Раскаты громкого, хорошо поставленного голоса «потомка Венеры» разносились по всему Форуму «Вечного Города», доходя до ушей взволнованной произнесенной Цезарем похвальной речи толпы, растроганной до слез (раз в неделю почему и не поплакать?). Молодой Цезарь, облаченный в черную траурную «тогу пуллу» (или, может быть, в пенулу — темный широкий длинный плащ без рукавов, наподобие пончо), произнес неслыханно, сенсационно высокомерную речь о своем семействе, которое в действительности больше не играло почти никакой (во всяком случае — заметной) роли в жизни республики. Однако совершенно особую нотку этой хвалебной речи придавала деталь, свидетельствующая о незаурядной отваге оратора: среди благоговейно внимающих Цезарю «предков», восседающих на Форуме в курульных креслах, выделялся мим в маске Гая Мария Старшего, которого Цезарь, по образному выражению Плутарха, как бы «возвратил из Аида (подземного царства— В. А.) на Форум». А ведь великий реформатор римской армии (в чем сами римляне, в отличие от некоторых современных авторов, не сомневались) и полководец из простонародья был объявлен Суллой врагом государства, и, несмотря на восстановление «досулланских» порядков, этот заклятый недруг «оптиматов» все еще не был реабилитирован.
Должно быть, эффект, произведенный похоронами вдовы Мария на римское общество, был подобен удару грома. И в каком благоприятном и выгодном свете, в каком ореоле мужества, благочестия («пиетас») и фамильной гордости предстал в его глазах организовавший эти похороны и увенчавший их своей хвалебной речью молодой племянник Мария, вполне достойный своего прославленного дяди! Между тем, Цезарь действовал отнюдь не под влиянием момента, не в порыве внезапного вдохновения или воодушевления, не в силах более сдерживать обуревавшие его тираноборческие чувства и любовь к свободе. Сделанный им шаг был не только решительным, но хладнокровно и заранее продуманным, плодом долгих тщательных политических расчетов, направленным на приобретение популярности у надолго запомнившего его римского народа. Помноженный на проникнутое искренней скорбью по умершей супруге и в то же время трогательно-скромное поведение «потомка Венеры» на похоронах безвременно скончавшейся Корнелии, он превратил пережившего двойную утрату Гая Юлия в любимца римской «черни», вовсе не случайно еще во время похорон его тетки Юлии заглушившей одобрительными возгласами и долгими, продолжительными аплодисментами, переходящими в овацию, отдельные протестующие выкрики некоторых неисправимых ревнителей памяти Суллы. «Держать надгробные речи при погребении старых женщин было у римлян в обычае, в отношении же молодых такого обычая не было, и первым сделал это Цезарь, когда умерла его жена. И это вызвало одобрение народа и привлекло его симпатии к Цезарю, как к человеку кроткого и благородного нрава» (Плутарх).

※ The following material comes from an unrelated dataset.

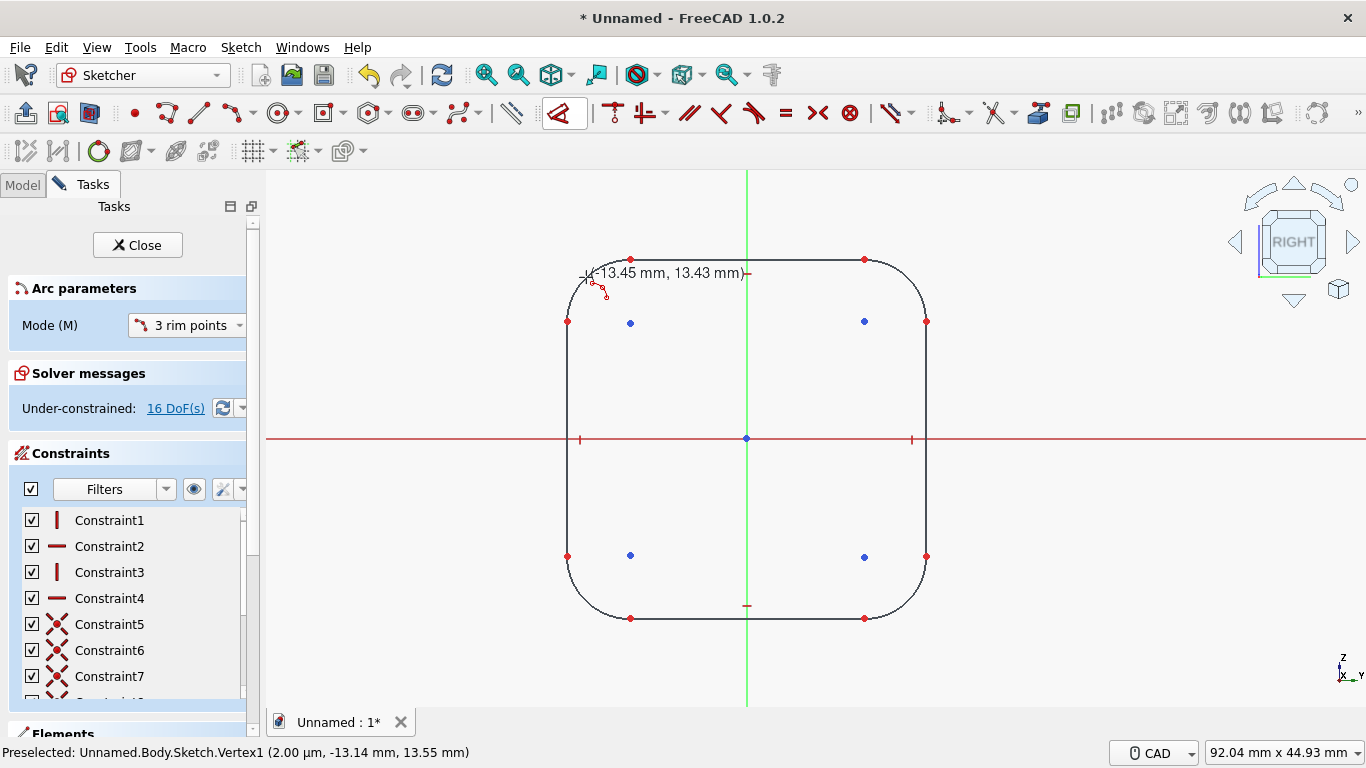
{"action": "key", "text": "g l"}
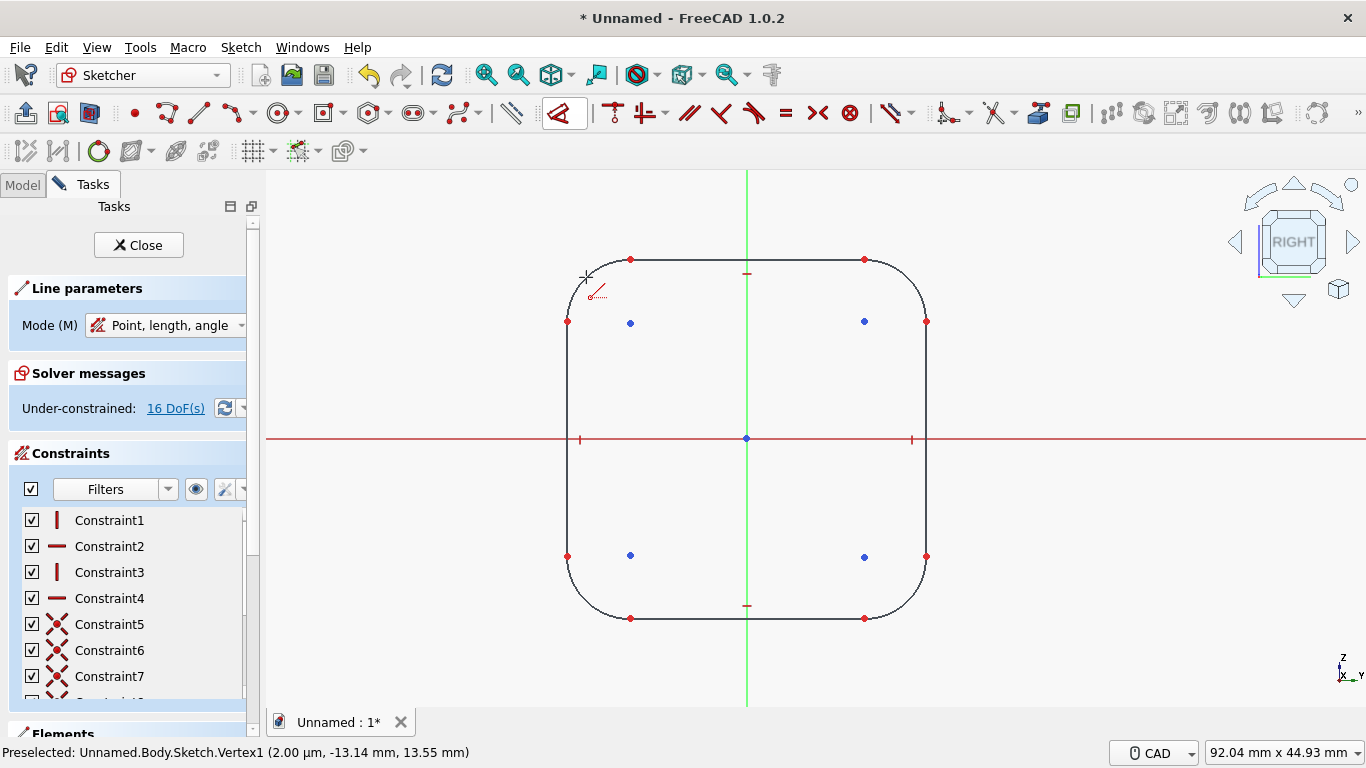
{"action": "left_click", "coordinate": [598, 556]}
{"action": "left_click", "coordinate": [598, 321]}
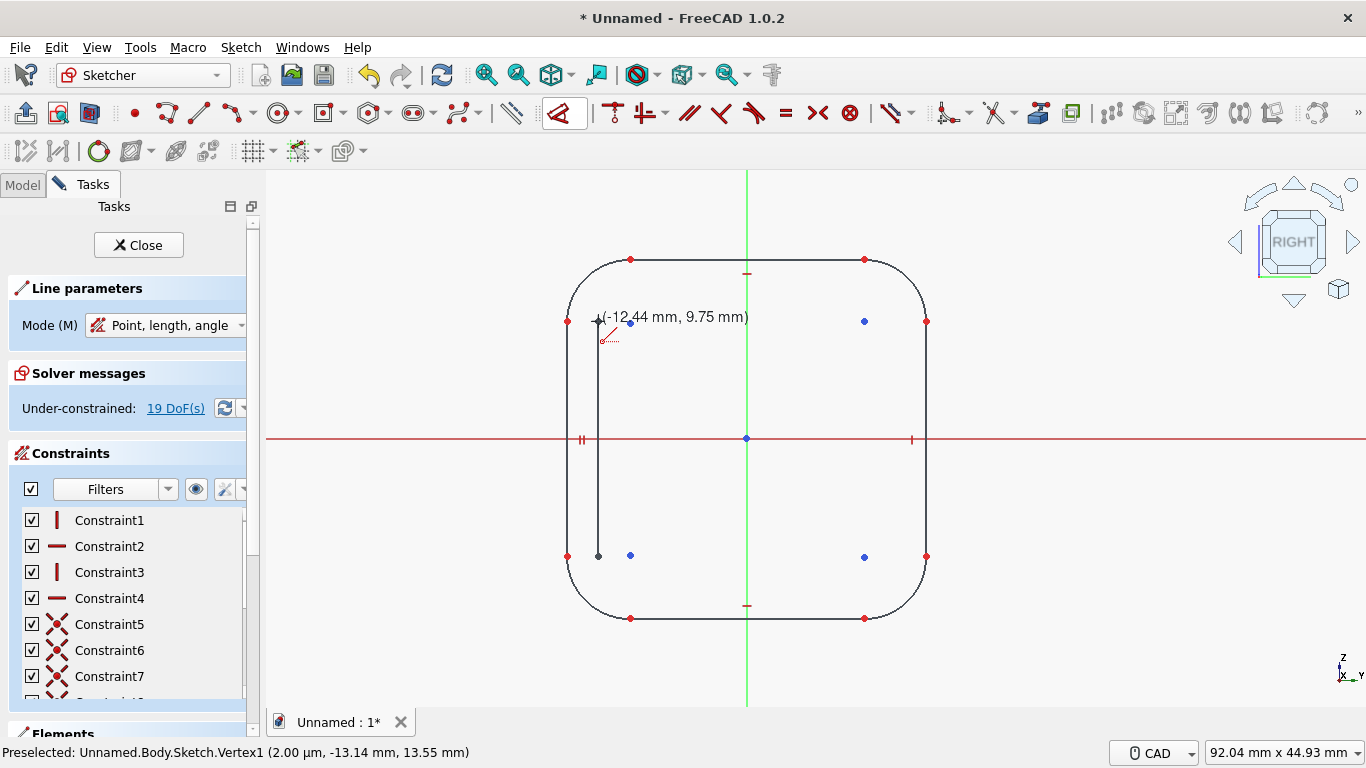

Впрочем, этот успех пока еще оставался весьма скромным. Несмотря на привлеченное Цезарем к себе внимание римского общества, постепенно возвращающегося к нормальной жизни в ходе послесулланской «оттепели», он оставался скорее на уровне, так сказать, семейной интриги, чем на уровне большой политики. Сенат и ведущие деятели олигархической республики наверняка лишь пожали плечами, узнав об эксцентричной выходке молодого племянника Мария, увязшего по уши в долгах и многочисленных любовных интрижках ловца удовольствий, вне всякого сомнения, сообразительного, умного, находчивого, учтивого, приветливого, приятного в обхождении обладателя гражданского венка, остающегося, тем не менее, не взирая на все свои достоинства и дарования, лишь на задворках большой политики, и никогда не находящегося в центре событий. Никто из них даже в самых страшных снах, не мог себе вообразить, что придет день — и эта плохо подпоясанная «вифинская царица», этот «покоритель Никомеда» станет третьим членом союза, заключенного между Крассом и Помпеем — чтобы затем одолеть обоих своих союзников, расчистив себе путь к единоличной высшей власти…
Впрочем, никаким репрессиям Цезарь за свое дерзкое поведение не подвергся — время было не то, что при Сулле. К тому же Гай Юлий сразу же по завершении погребальных торжеств покинул Рим, отправившись (как того требовала его должность квестора) с претором Антинием Ветом (или Ветером) в провинцию «Испания (Гиспания) Ультериор», или, по-русски — Дальнюю Испанию.